**DATASET CONTENT**
--------------------------------
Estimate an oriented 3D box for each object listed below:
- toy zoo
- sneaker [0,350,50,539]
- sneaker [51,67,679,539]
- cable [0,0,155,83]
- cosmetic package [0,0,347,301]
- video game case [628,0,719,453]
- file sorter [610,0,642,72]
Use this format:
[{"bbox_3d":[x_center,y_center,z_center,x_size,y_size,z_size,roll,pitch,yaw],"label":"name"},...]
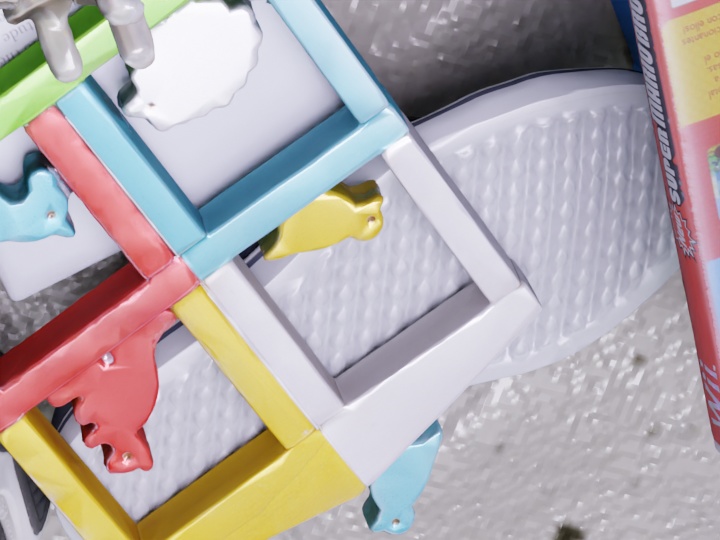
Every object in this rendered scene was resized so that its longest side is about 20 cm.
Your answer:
[{"bbox_3d":[-0.045,-0.005,0.731,0.131,0.020,0.200,-35,114,4],"label":"toy zoo"},{"bbox_3d":[-0.155,0.004,0.764,0.083,0.081,0.201,-11,109,25],"label":"sneaker"},{"bbox_3d":[0.000,0.000,0.795,0.199,0.079,0.079,-30,114,4],"label":"sneaker"},{"bbox_3d":[-0.087,-0.137,0.642,0.050,0.097,0.201,-10,86,-21],"label":"cable"},{"bbox_3d":[-0.089,-0.106,0.731,0.101,0.071,0.201,-26,117,-1],"label":"cosmetic package"},{"bbox_3d":[0.129,-0.065,0.653,0.142,0.017,0.201,-20,118,-11],"label":"video game case"},{"bbox_3d":[0.122,-0.116,0.745,0.122,0.139,0.201,-26,117,-4],"label":"file sorter"}]
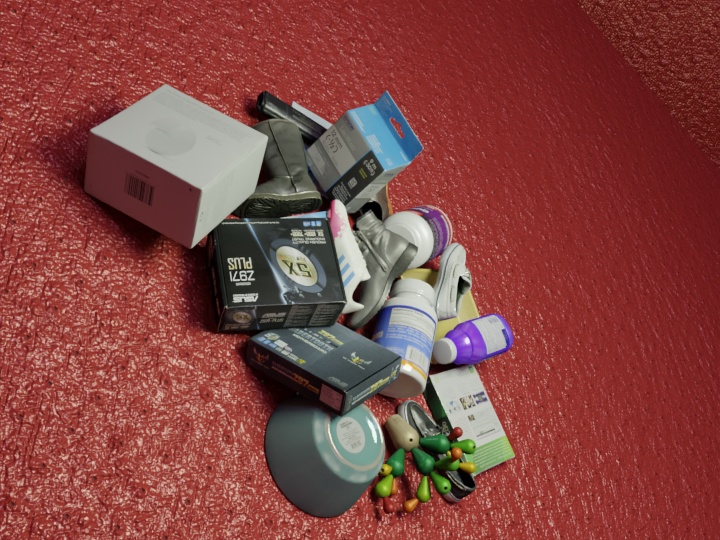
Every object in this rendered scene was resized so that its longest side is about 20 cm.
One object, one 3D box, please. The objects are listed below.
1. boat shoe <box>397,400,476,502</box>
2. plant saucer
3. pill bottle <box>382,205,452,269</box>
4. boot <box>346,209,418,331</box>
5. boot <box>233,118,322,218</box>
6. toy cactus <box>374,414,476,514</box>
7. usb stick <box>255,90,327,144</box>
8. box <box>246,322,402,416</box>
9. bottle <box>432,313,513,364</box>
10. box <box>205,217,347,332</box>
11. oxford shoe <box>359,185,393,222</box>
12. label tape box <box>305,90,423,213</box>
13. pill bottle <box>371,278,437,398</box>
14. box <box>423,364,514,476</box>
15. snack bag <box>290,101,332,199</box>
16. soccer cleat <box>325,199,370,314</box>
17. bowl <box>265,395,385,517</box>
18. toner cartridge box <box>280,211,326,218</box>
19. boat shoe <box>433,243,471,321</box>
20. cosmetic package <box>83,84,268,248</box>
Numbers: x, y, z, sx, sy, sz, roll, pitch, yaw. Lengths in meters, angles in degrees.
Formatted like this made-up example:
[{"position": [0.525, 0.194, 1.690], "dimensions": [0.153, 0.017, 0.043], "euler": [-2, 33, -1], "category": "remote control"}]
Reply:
[{"position": [0.140, 0.314, 1.549], "dimensions": [0.070, 0.066, 0.200], "euler": [-17, 77, -50], "category": "boat shoe"}, {"position": [0.158, 0.096, 1.736], "dimensions": [0.200, 0.048, 0.200], "euler": [2, 63, -45], "category": "plant saucer"}, {"position": [0.103, -0.065, 1.709], "dimensions": [0.113, 0.112, 0.200], "euler": [58, 23, 4], "category": "pill bottle"}, {"position": [0.000, 0.000, 1.582], "dimensions": [0.132, 0.070, 0.200], "euler": [34, 84, -6], "category": "boot"}, {"position": [-0.170, -0.190, 1.588], "dimensions": [0.181, 0.073, 0.200], "euler": [-5, 61, -29], "category": "boot"}, {"position": [0.094, 0.310, 1.474], "dimensions": [0.200, 0.102, 0.165], "euler": [-30, 52, -14], "category": "toy cactus"}, {"position": [-0.117, -0.285, 1.704], "dimensions": [0.200, 0.033, 0.056], "euler": [28, 40, -31], "category": "usb stick"}, {"position": [-0.057, 0.142, 1.398], "dimensions": [0.200, 0.051, 0.158], "euler": [26, 29, 28], "category": "box"}, {"position": [0.214, 0.137, 1.674], "dimensions": [0.200, 0.065, 0.084], "euler": [-12, 71, -48], "category": "bottle"}, {"position": [-0.139, 0.005, 1.412], "dimensions": [0.199, 0.086, 0.164], "euler": [-1, 60, -20], "category": "box"}, {"position": [0.019, -0.166, 1.707], "dimensions": [0.073, 0.071, 0.200], "euler": [-59, 133, -66], "category": "oxford shoe"}, {"position": [0.002, -0.221, 1.635], "dimensions": [0.066, 0.200, 0.144], "euler": [-8, 63, -54], "category": "label tape box"}, {"position": [0.078, 0.118, 1.571], "dimensions": [0.112, 0.112, 0.200], "euler": [32, 51, -25], "category": "pill bottle"}, {"position": [0.203, 0.283, 1.660], "dimensions": [0.144, 0.036, 0.200], "euler": [-7, 68, -47], "category": "box"}, {"position": [-0.077, -0.231, 1.751], "dimensions": [0.188, 0.021, 0.200], "euler": [25, 48, -32], "category": "snack bag"}, {"position": [-0.025, -0.022, 1.527], "dimensions": [0.086, 0.070, 0.201], "euler": [3, 95, -4], "category": "soccer cleat"}, {"position": [-0.038, 0.273, 1.369], "dimensions": [0.201, 0.105, 0.201], "euler": [26, 47, -32], "category": "bowl"}, {"position": [-0.105, -0.050, 1.577], "dimensions": [0.200, 0.043, 0.095], "euler": [-14, 73, -49], "category": "toner cartridge box"}, {"position": [0.187, 0.026, 1.710], "dimensions": [0.074, 0.067, 0.200], "euler": [64, 36, -41], "category": "boat shoe"}, {"position": [-0.286, -0.167, 1.364], "dimensions": [0.199, 0.123, 0.200], "euler": [28, 41, 9], "category": "cosmetic package"}]
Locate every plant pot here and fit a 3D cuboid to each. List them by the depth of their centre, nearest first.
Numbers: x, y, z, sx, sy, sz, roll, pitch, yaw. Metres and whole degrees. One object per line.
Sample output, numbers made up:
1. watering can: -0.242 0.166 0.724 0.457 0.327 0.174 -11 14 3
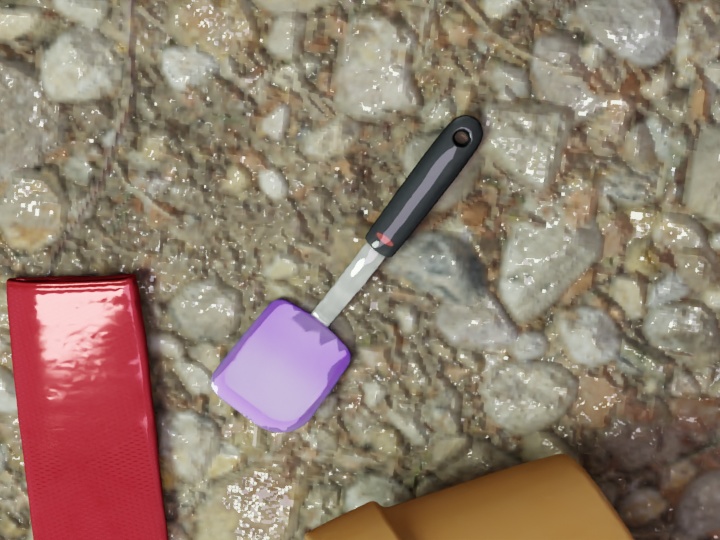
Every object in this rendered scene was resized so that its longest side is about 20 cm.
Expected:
1. plant pot: 0.080 0.186 1.055 0.140 0.200 0.201 -30 101 -5

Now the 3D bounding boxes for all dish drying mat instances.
1. dish drying mat: -0.146 0.100 1.133 0.076 0.018 0.201 -3 106 7

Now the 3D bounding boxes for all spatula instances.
1. spatula: 0.000 0.000 1.089 0.056 0.021 0.200 38 105 -3
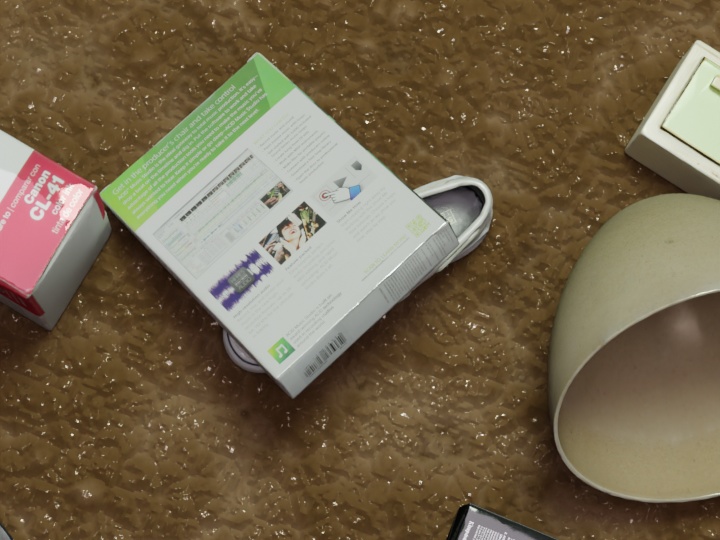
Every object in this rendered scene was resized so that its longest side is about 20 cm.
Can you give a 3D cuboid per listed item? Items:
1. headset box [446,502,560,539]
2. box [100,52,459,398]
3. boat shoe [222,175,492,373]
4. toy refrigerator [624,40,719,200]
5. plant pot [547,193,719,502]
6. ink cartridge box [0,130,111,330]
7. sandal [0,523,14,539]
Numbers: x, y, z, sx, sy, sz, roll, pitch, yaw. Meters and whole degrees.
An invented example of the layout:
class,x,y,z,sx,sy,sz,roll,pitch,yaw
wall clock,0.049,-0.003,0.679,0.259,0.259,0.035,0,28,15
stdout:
class,x,y,z,sx,sy,sz,roll,pitch,yaw
headset box,0.130,0.252,1.245,0.199,0.075,0.149,22,82,1
box,-0.054,-0.033,1.256,0.144,0.036,0.200,-42,59,-7
boat shoe,0.000,0.000,1.280,0.199,0.066,0.072,-26,84,-6
toy refrigerator,0.281,-0.062,1.301,0.200,0.070,0.076,33,82,3
plant pot,0.203,0.031,1.241,0.199,0.201,0.135,-10,47,-4
ink cartridge box,-0.262,-0.055,1.236,0.199,0.148,0.086,32,81,1
sandal,-0.293,0.133,1.259,0.200,0.043,0.076,40,82,3
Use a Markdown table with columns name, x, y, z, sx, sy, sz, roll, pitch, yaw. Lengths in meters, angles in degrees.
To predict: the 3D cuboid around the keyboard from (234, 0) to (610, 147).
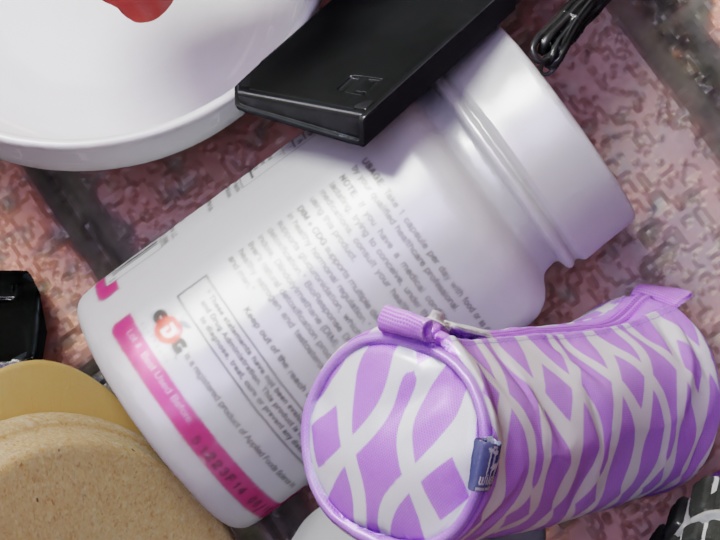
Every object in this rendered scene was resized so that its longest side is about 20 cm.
| name | x | y | z | sx | sy | sz | roll | pitch | yaw |
| --- | --- | --- | --- | --- | --- | --- | --- | --- | --- |
| keyboard | 0.055 | -0.109 | 0.968 | 0.127 | 0.021 | 0.200 | 14 | 47 | 42 |

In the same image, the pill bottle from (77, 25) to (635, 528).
| name | x | y | z | sx | sy | sz | roll | pitch | yaw |
| --- | --- | --- | --- | --- | --- | --- | --- | --- | --- |
| pill bottle | 0.000 | 0.000 | 0.986 | 0.200 | 0.113 | 0.113 | -36 | 79 | 3 |

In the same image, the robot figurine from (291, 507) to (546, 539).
| name | x | y | z | sx | sy | sz | roll | pitch | yaw |
| --- | --- | --- | --- | --- | --- | --- | --- | --- | --- |
| robot figurine | 0.001 | 0.163 | 0.939 | 0.113 | 0.170 | 0.200 | 22 | 49 | 14 |

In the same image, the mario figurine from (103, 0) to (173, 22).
| name | x | y | z | sx | sy | sz | roll | pitch | yaw |
| --- | --- | --- | --- | --- | --- | --- | --- | --- | --- |
| mario figurine | -0.031 | -0.159 | 0.946 | 0.200 | 0.123 | 0.106 | -8 | 79 | -5 |

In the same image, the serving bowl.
| name | x | y | z | sx | sy | sz | roll | pitch | yaw |
| --- | --- | --- | --- | --- | --- | --- | --- | --- | --- |
| serving bowl | -0.110 | -0.121 | 1.031 | 0.200 | 0.066 | 0.200 | 0 | 63 | 0 |

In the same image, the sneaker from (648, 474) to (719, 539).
| name | x | y | z | sx | sy | sz | roll | pitch | yaw |
| --- | --- | --- | --- | --- | --- | --- | --- | --- | --- |
| sneaker | 0.130 | 0.155 | 0.948 | 0.090 | 0.078 | 0.200 | 30 | 122 | 2 |

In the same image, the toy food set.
| name | x | y | z | sx | sy | sz | roll | pitch | yaw |
| --- | --- | --- | --- | --- | --- | --- | --- | --- | --- |
| toy food set | -0.116 | 0.149 | 0.944 | 0.049 | 0.198 | 0.200 | -13 | 119 | 45 |

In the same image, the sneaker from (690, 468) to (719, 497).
| name | x | y | z | sx | sy | sz | roll | pitch | yaw |
| --- | --- | --- | --- | --- | --- | --- | --- | --- | --- |
| sneaker | 0.174 | 0.045 | 0.973 | 0.114 | 0.073 | 0.201 | -17 | 81 | 11 |

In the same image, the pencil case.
| name | x | y | z | sx | sy | sz | roll | pitch | yaw |
| --- | --- | --- | --- | --- | --- | --- | --- | --- | --- |
| pencil case | 0.058 | 0.050 | 0.917 | 0.084 | 0.200 | 0.086 | 5 | 94 | 31 |

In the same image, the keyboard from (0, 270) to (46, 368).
| name | x | y | z | sx | sy | sz | roll | pitch | yaw |
| --- | --- | --- | --- | --- | --- | --- | --- | --- | --- |
| keyboard | -0.228 | 0.028 | 1.042 | 0.199 | 0.104 | 0.040 | 1 | 121 | -2 |
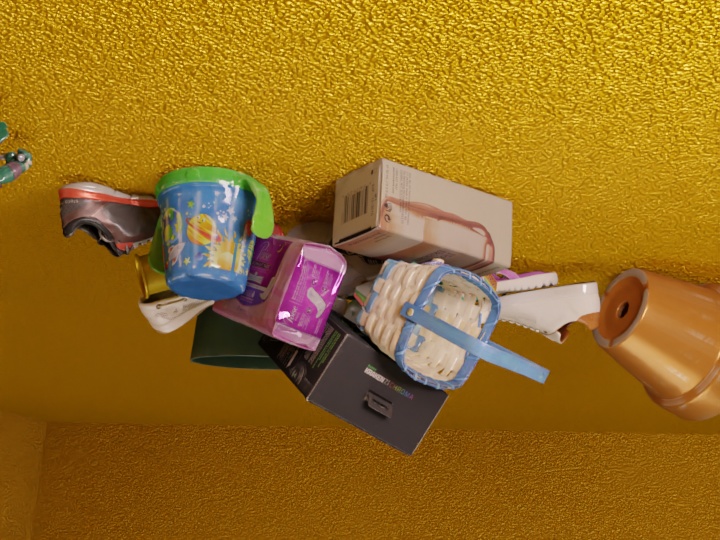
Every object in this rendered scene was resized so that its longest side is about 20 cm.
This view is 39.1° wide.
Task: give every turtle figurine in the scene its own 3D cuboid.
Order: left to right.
[{"bbox_3d":[-0.437,-0.117,1.105,0.148,0.102,0.200,9,158,-18],"label":"turtle figurine"}]

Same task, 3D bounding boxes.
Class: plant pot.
[{"bbox_3d":[-0.148,0.056,1.494,0.197,0.164,0.201,1,170,0],"label":"plant pot"},{"bbox_3d":[0.448,0.091,1.482,0.182,0.202,0.200,27,157,-18],"label":"plant pot"}]

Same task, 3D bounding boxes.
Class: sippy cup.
[{"bbox_3d":[-0.183,-0.038,1.225,0.138,0.132,0.178,5,159,-13],"label":"sippy cup"}]

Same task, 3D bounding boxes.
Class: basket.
[{"bbox_3d":[0.106,0.070,1.172,0.199,0.140,0.176,31,-178,36],"label":"basket"}]

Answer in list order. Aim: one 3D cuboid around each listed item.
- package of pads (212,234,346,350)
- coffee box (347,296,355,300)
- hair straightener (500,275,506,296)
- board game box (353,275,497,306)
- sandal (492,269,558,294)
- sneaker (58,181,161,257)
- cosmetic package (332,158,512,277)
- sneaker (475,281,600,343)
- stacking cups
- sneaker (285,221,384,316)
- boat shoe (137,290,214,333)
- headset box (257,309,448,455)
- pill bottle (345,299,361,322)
[{"bbox_3d":[-0.103,0.018,1.246,0.075,0.122,0.199,23,175,-30],"label":"package of pads"},{"bbox_3d":[0.008,0.001,1.497,0.121,0.045,0.200,8,163,-17],"label":"coffee box"},{"bbox_3d":[0.147,0.032,1.603,0.198,0.042,0.077,-10,160,28],"label":"hair straightener"},{"bbox_3d":[0.079,0.023,1.396,0.198,0.030,0.096,-19,126,31],"label":"board game box"},{"bbox_3d":[0.197,0.009,1.476,0.200,0.051,0.082,-4,175,-32],"label":"sandal"},{"bbox_3d":[-0.296,-0.052,1.306,0.198,0.083,0.077,11,163,-31],"label":"sneaker"},{"bbox_3d":[0.075,-0.055,1.203,0.198,0.089,0.103,13,161,-31],"label":"cosmetic package"},{"bbox_3d":[0.259,0.070,1.504,0.198,0.086,0.072,-9,180,34],"label":"sneaker"},{"bbox_3d":[-0.197,-0.015,1.350,0.198,0.061,0.060,-15,171,-21],"label":"stacking cups"},{"bbox_3d":[0.000,0.000,1.348,0.197,0.075,0.116,4,122,15],"label":"sneaker"},{"bbox_3d":[-0.216,0.006,1.395,0.199,0.071,0.070,-37,138,-6],"label":"boat shoe"},{"bbox_3d":[-0.009,0.125,1.264,0.173,0.093,0.200,33,-179,-30],"label":"headset box"},{"bbox_3d":[0.067,0.107,1.583,0.198,0.111,0.109,7,165,-35],"label":"pill bottle"}]
--------------------------------
**THE TASK**
Retype exactly the lines of the data above that fall between the line with "10. box <box>205,217,347,332</box>" and the line with "17. bowl <box>265,395,385,517</box>", inclusive, and add nothing.

**COMPLETED EXERCISE**
10. box <box>205,217,347,332</box>
11. oxford shoe <box>359,185,393,222</box>
12. label tape box <box>305,90,423,213</box>
13. pill bottle <box>371,278,437,398</box>
14. box <box>423,364,514,476</box>
15. snack bag <box>290,101,332,199</box>
16. soccer cleat <box>325,199,370,314</box>
17. bowl <box>265,395,385,517</box>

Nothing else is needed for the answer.